Uses migration_tracker to avoid reprocessing rows.
Docker-ready (Dockerfile + docker-compose provided).

Quick start (local)

Add a .env file (see .env.example).
Install dependencies:

python -m pip install -r requirements.txt

Run the app (development):

uvicorn app:app --reload --host 0.0.0.0 --port 5050

Quick start (Docker)

Create .env and set DB + embedding values.
Build & run with compose:

docker-compose up --build -d

Configuration / .env Create a .env file (or copy .env.example) and set the following:

# Database Configuration
DB_HOST=
DB_PORT=
DB_USER=
DB_PASSWORD=
DB_NAME=

#PostgreSQL Configuration
PG_HOST=
PG_PORT=
PG_USER=
PG_PASSWORD=
PG_DB_NAME=
PGVECTOR_DB_NAME= 

# Embedding Model Configuration
EMBEDDING_MODEL_HOST=
EMBEDDING_API_KEY=
EMBEDDING_MODEL_NAME=

# App Configuration
APP_DEBUG=
APP_SECRET_KEY=

# Similarity threshold for search (default 0.7)
SIMILARITY_THRESHOLD=

Embedding provider guide

This app delegates embedding generation to an HTTP embedding API. The code expects the provider to expose an endpoint that returns an embedding array (the code expects the first element at response.json()['data'][0]['embedding'] but you can adapt it).

Key notes:

The app pads shorter embeddings to the configured expected dimension (default 4096). If your provider returns different dimensions, either update EMBEDDING_EXPECTED_DIM or modify get_embeddings() in app.py.
For production, prefer batching multiple inputs per request if your provider supports it — it's faster and cheaper.

Examples

OpenAI-compatible API (or OpenAI itself)

Set env vars:

EMBEDDING_MODEL_HOST=https://api.openai.com/v1
EMBEDDING_API_KEY=sk-...
EMBEDDING_MODEL_NAME=text-embedding-3-large

Typical request (the code sends JSON {"model":..., "input": text} to ${EMBEDDING_MODEL_HOST}/embeddings). The response shape expected in app.py is the OpenAI-style {"data":[{"embedding": [...]}, ...]}.
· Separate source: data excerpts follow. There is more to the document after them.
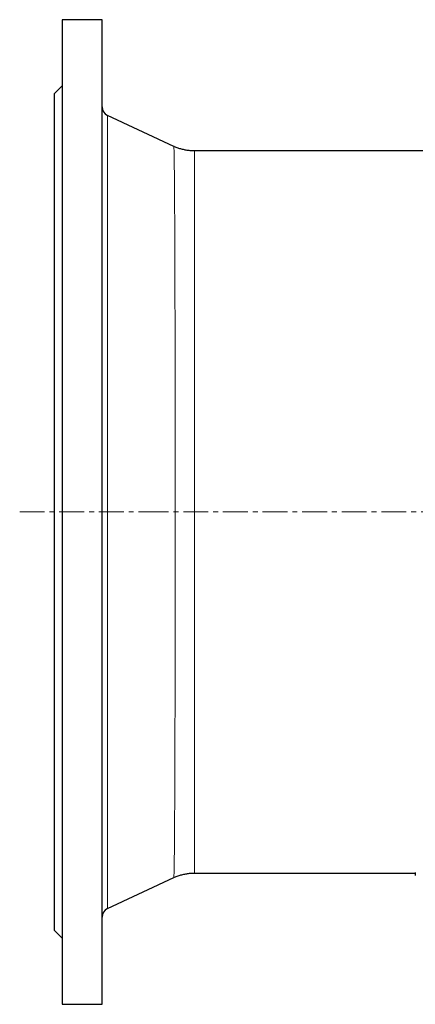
# Model space of a CAD drawing. Header units: millimetres. Extents: x 105 to 1315, y 105 to 1423.
# Tile 1 of 3: x 105 to 308, y 105 to 610. Entities that reach past the tile are written whole.
import ezdxf

# ---------------------------------------------------------------- set-up
doc = ezdxf.new("R2010")
doc.units = ezdxf.units.MM
doc.linetypes.add('CENTERX2', pattern=[20.32, 12.7, -2.54, 2.54, -2.54])
doc.layers.add('FORMAT', color=7, linetype='Continuous')

msp = doc.modelspace()

# ---------------------------------------------------------------- linework, layer by layer
at = {"color": 7, "linetype": 'Continuous', "lineweight": 25}
for p, q in [((147.52, 610.41), (127.02, 610.41)), ((127.02, 610.41), (127.02, 105.41)), ((147.52, 105.41), (147.52, 610.41)), ((127.02, 576.41), (123.02, 572.41)), ((123.02, 572.41), (123.02, 143.41)), ((184.32, 545.45), (150.41, 561.26)), ((184.32, 545.45), (184.32, 545.45)), ((460.49, 543.11), (194.88, 543.11)), ((194.88, 543.1), (194.88, 543.1)), ((194.88, 172.72), (194.88, 172.72)), ((194.88, 172.71), (308.16, 172.71)), ((308.16, 172.95), (308.16, 171.45)), ((150.41, 154.55), (184.32, 170.37)), ((184.32, 170.37), (184.32, 170.37)), ((123.02, 143.41), (127.02, 139.41)), ((127.02, 105.41), (147.52, 105.41))]:
    msp.add_line(p, q, dxfattribs=at)
at = {"color": 8, "linetype": 'Continuous', "lineweight": 18}
msp.add_line((150.41, 561.26), (150.41, 154.55), dxfattribs=at)
at = {"color": 7, "linetype": 'Continuous', "lineweight": 25}
for centre, start, end in [((152.52, 565.79), 180, 245), ((152.52, 150.02), 115, 180)]:
    msp.add_arc(centre, 5, start, end, dxfattribs=at)
at = {"color": 8, "linetype": 'Continuous', "lineweight": 18}
for points, knots in [([(184.32, 170.37), (184.32, 170.37), (184.33, 170.35), (184.35, 170.46), (184.37, 170.71), (184.4, 171.12), (184.42, 171.67), (184.44, 172.35), (184.47, 173.18), (184.49, 174.15), (184.51, 175.26), (184.53, 176.51), (184.55, 177.92), (184.57, 179.5), (184.6, 181.26), (184.62, 183.17), (184.64, 185.23), (184.66, 187.44), (184.68, 189.81), (184.7, 192.32), (184.72, 194.97), (184.73, 197.77), (184.75, 200.7), (184.77, 203.76), (184.79, 206.8), (184.8, 209.78), (184.82, 212.68), (184.83, 215.67), (184.84, 218.75), (184.85, 221.85), (184.87, 224.99), (184.88, 228.14), (184.89, 231.36), (184.9, 234.66), (184.91, 238.05), (184.92, 241.51), (184.93, 245.03), (184.94, 248.82), (184.95, 252.87), (184.96, 257.2), (184.97, 261.61), (184.98, 266.09), (184.99, 270.65), (184.99, 275.27), (185, 279.95), (185.01, 284.77), (185.02, 289.74), (185.02, 294.84), (185.03, 300), (185.03, 305.12), (185.04, 310.2), (185.04, 315.23), (185.05, 320.29), (185.05, 325.38), (185.05, 330.49), (185.05, 335.63), (185.06, 340.79), (185.06, 346.04), (185.06, 351.39), (185.06, 356.84), (185.06, 362.29), (185.06, 367.65), (185.06, 372.9), (185.05, 378.07), (185.05, 383.21), (185.05, 388.34), (185.05, 393.44), (185.04, 398.51), (185.04, 403.56), (185.03, 408.65), (185.03, 413.79), (185.02, 418.97), (185.02, 424.1), (185.01, 429.08), (185, 433.93), (185, 438.64), (184.99, 443.29), (184.98, 447.87), (184.97, 452.39), (184.96, 456.83), (184.95, 461.19), (184.94, 465.56), (184.93, 469.9), (184.92, 474.23), (184.91, 478.45), (184.89, 482.51), (184.88, 486.4), (184.87, 490.13), (184.85, 493.76), (184.84, 497.28), (184.83, 500.7), (184.81, 504), (184.8, 507.2), (184.78, 510.33), (184.76, 513.4), (184.75, 516.38), (184.73, 519.23), (184.71, 521.9), (184.69, 524.39), (184.67, 526.72), (184.65, 528.91), (184.63, 530.98), (184.61, 532.91), (184.59, 534.71), (184.57, 536.37), (184.55, 537.93), (184.53, 539.36), (184.51, 540.66), (184.48, 541.81), (184.46, 542.79), (184.44, 543.61), (184.42, 544.27), (184.39, 544.78), (184.37, 545.16), (184.35, 545.37), (184.33, 545.47), (184.32, 545.45), (184.32, 545.45)], [0, 0, 0, 0, 0.001097, 0.010367, 0.019633, 0.028443, 0.037256, 0.046069, 0.054879, 0.063688, 0.072501, 0.081315, 0.090124, 0.099387, 0.108653, 0.117919, 0.127181, 0.136523, 0.145869, 0.155215, 0.164557, 0.173899, 0.183245, 0.192591, 0.201933, 0.209842, 0.217753, 0.225666, 0.233578, 0.241486, 0.248988, 0.256491, 0.263995, 0.271496, 0.279065, 0.286637, 0.294208, 0.301777, 0.310581, 0.319388, 0.328195, 0.336999, 0.345803, 0.35461, 0.363417, 0.372221, 0.381478, 0.390738, 0.399998, 0.409254, 0.418058, 0.426866, 0.435673, 0.444477, 0.453281, 0.462088, 0.470895, 0.479699, 0.488956, 0.498216, 0.507477, 0.516733, 0.525539, 0.534347, 0.543156, 0.551961, 0.560767, 0.569576, 0.578384, 0.58719, 0.596448, 0.60571, 0.614972, 0.62423, 0.633038, 0.64185, 0.650661, 0.659469, 0.668277, 0.677088, 0.685899, 0.694707, 0.703968, 0.713233, 0.722498, 0.731759, 0.74057, 0.749384, 0.758199, 0.76701, 0.775821, 0.784635, 0.793449, 0.80226, 0.811524, 0.820793, 0.830061, 0.839325, 0.848138, 0.856955, 0.865772, 0.874585, 0.883399, 0.892216, 0.901033, 0.909846, 0.919113, 0.928383, 0.937654, 0.946921, 0.955735, 0.964553, 0.97337, 0.982185, 0.990999, 0.999816, 1, 1, 1, 1]), ([(194.88, 543.1), (194.88, 543.09), (194.89, 543.07), (194.89, 542.87), (194.89, 542.52), (194.89, 542), (194.9, 541.33), (194.9, 540.52), (194.9, 539.57), (194.9, 538.51), (194.91, 537.3), (194.91, 535.96), (194.91, 534.48), (194.91, 532.86), (194.92, 531.12), (194.92, 529.2), (194.92, 527.12), (194.92, 524.86), (194.93, 522.45), (194.93, 519.95), (194.93, 517.36), (194.93, 514.7), (194.94, 511.91), (194.94, 509.01), (194.94, 505.99), (194.94, 502.86), (194.94, 499.61), (194.95, 496.2), (194.95, 492.63), (194.95, 488.87), (194.95, 485.01), (194.95, 481.1), (194.96, 477.17), (194.96, 473.2), (194.96, 469.15), (194.96, 465.02), (194.96, 460.8), (194.96, 456.5), (194.97, 452.13), (194.97, 447.61), (194.97, 442.94), (194.97, 438.12), (194.97, 433.24), (194.97, 428.37), (194.97, 423.53), (194.97, 418.71), (194.97, 413.86), (194.98, 408.96), (194.98, 404.02), (194.98, 399.04), (194.98, 394.03), (194.98, 388.91), (194.98, 383.68), (194.98, 378.34), (194.98, 372.98), (194.98, 367.7), (194.98, 362.5), (194.98, 357.38), (194.98, 352.26), (194.98, 347.15), (194.98, 342.04), (194.98, 336.95), (194.98, 331.87), (194.98, 326.73), (194.98, 321.53), (194.98, 316.26), (194.98, 311.04), (194.98, 305.94), (194.97, 300.96), (194.97, 296.11), (194.97, 291.31), (194.97, 286.56), (194.97, 281.87), (194.97, 277.23), (194.97, 272.65), (194.97, 268.07), (194.97, 263.47), (194.96, 258.89), (194.96, 254.38), (194.96, 250.24), (194.96, 246.45), (194.96, 243), (194.96, 239.62), (194.96, 236.28), (194.95, 233.01), (194.95, 229.8), (194.95, 226.66), (194.95, 223.35), (194.95, 219.9), (194.94, 216.34), (194.94, 212.9), (194.94, 209.58), (194.94, 206.4), (194.94, 203.34), (194.93, 200.41), (194.93, 197.77), (194.93, 195.38), (194.93, 193.22), (194.92, 191.17), (194.92, 189.22), (194.92, 187.3), (194.92, 185.44), (194.92, 183.64), (194.91, 181.97), (194.91, 180.43), (194.91, 179.04), (194.91, 177.78), (194.9, 176.65), (194.9, 175.65), (194.9, 174.78), (194.9, 174.05), (194.89, 173.47), (194.89, 173.06), (194.89, 172.81), (194.89, 172.7), (194.88, 172.72), (194.88, 172.72)], [0, 0, 0, 0, 0.007795, 0.016598, 0.025853, 0.035112, 0.044371, 0.053627, 0.062429, 0.071234, 0.08004, 0.088842, 0.097645, 0.10645, 0.115256, 0.124058, 0.133313, 0.142572, 0.151831, 0.161086, 0.169886, 0.178689, 0.187493, 0.196293, 0.205093, 0.213896, 0.222699, 0.231499, 0.240752, 0.250009, 0.259266, 0.268518, 0.277315, 0.286116, 0.294916, 0.303713, 0.31251, 0.321311, 0.330111, 0.338908, 0.348158, 0.357412, 0.366665, 0.375915, 0.38471, 0.393508, 0.402305, 0.4111, 0.419895, 0.428693, 0.437491, 0.446285, 0.455532, 0.464783, 0.474034, 0.483281, 0.492074, 0.500871, 0.509667, 0.51846, 0.527253, 0.53605, 0.544846, 0.553639, 0.562885, 0.572134, 0.581383, 0.590629, 0.599422, 0.608218, 0.617014, 0.625807, 0.6346, 0.643397, 0.652193, 0.660986, 0.670231, 0.67948, 0.688729, 0.697975, 0.705467, 0.712961, 0.720456, 0.727948, 0.735508, 0.743069, 0.750631, 0.758191, 0.767521, 0.776856, 0.78619, 0.79552, 0.80485, 0.814185, 0.823519, 0.832849, 0.840747, 0.848649, 0.856553, 0.864455, 0.872353, 0.881151, 0.889953, 0.898755, 0.907553, 0.916352, 0.925153, 0.933955, 0.942754, 0.952004, 0.961259, 0.970513, 0.979764, 0.988565, 0.99737, 1, 1, 1, 1])]:
    msp.add_open_spline(points, degree=3, knots=knots, dxfattribs=at)
at = {"color": 7, "linetype": 'Continuous', "lineweight": 25}
for points, knots in [([(194.88, 543.11), (194.63, 543.11), (194.05, 543.11), (193.14, 543.16), (192.17, 543.25), (191.2, 543.38), (190.24, 543.54), (189.29, 543.74), (188.35, 543.97), (187.42, 544.24), (186.51, 544.55), (185.61, 544.89), (184.88, 545.19), (184.46, 545.39), (184.32, 545.45)], [0, 0, 0, 0, 0.069725, 0.159871, 0.249739, 0.339331, 0.428648, 0.51769, 0.606456, 0.694945, 0.783155, 0.871081, 0.958719, 1, 1, 1, 1]), ([(184.33, 170.36), (184.59, 170.49), (185.17, 170.75), (186.08, 171.11), (187.03, 171.45), (188, 171.75), (188.98, 172), (189.96, 172.22), (190.94, 172.4), (191.93, 172.54), (192.92, 172.63), (193.91, 172.69), (194.56, 172.7), (194.88, 172.7)], [0, 0, 0, 0, 0.081198, 0.174726, 0.267886, 0.360693, 0.453161, 0.545303, 0.637128, 0.728646, 0.819864, 0.910789, 1, 1, 1, 1])]:
    msp.add_open_spline(points, degree=3, knots=knots, dxfattribs=at)
at = {"layer": 'FORMAT', "linetype": 'CENTERX2', "lineweight": 18}
for p, q in [((105.32, 357.91), (168.92, 357.91)), ((168.92, 357.91), (484.64, 357.91))]:
    msp.add_line(p, q, dxfattribs=at)

doc.saveas('drawing.dxf')

Hugging Face Inference API (example)

Set env vars:

EMBEDDING_MODEL_HOST=https://api-inference.huggingface.co/models/<your-model>
EMBEDDING_API_KEY=hf_...
EMBEDDING_MODEL_NAME=<model-name>  # optional here; the model is in the URL

Hugging Face inference returns embeddings in different JSON shapes depending on the model and client. If you use HF, modify get_embeddings() to parse the returned JSON accordingly (e.g., HF may return a flat array or a base64 blob depending on the model).

Self-hosted / custom embedding server

If you run a local embedding server (Qwen, Llama 2, etc.), point EMBEDDING_MODEL_HOST to your server (e.g., http://localhost:8000) and ensure the endpoint /embeddings accepts the same JSON payload or update get_embeddings() to match your server's contract.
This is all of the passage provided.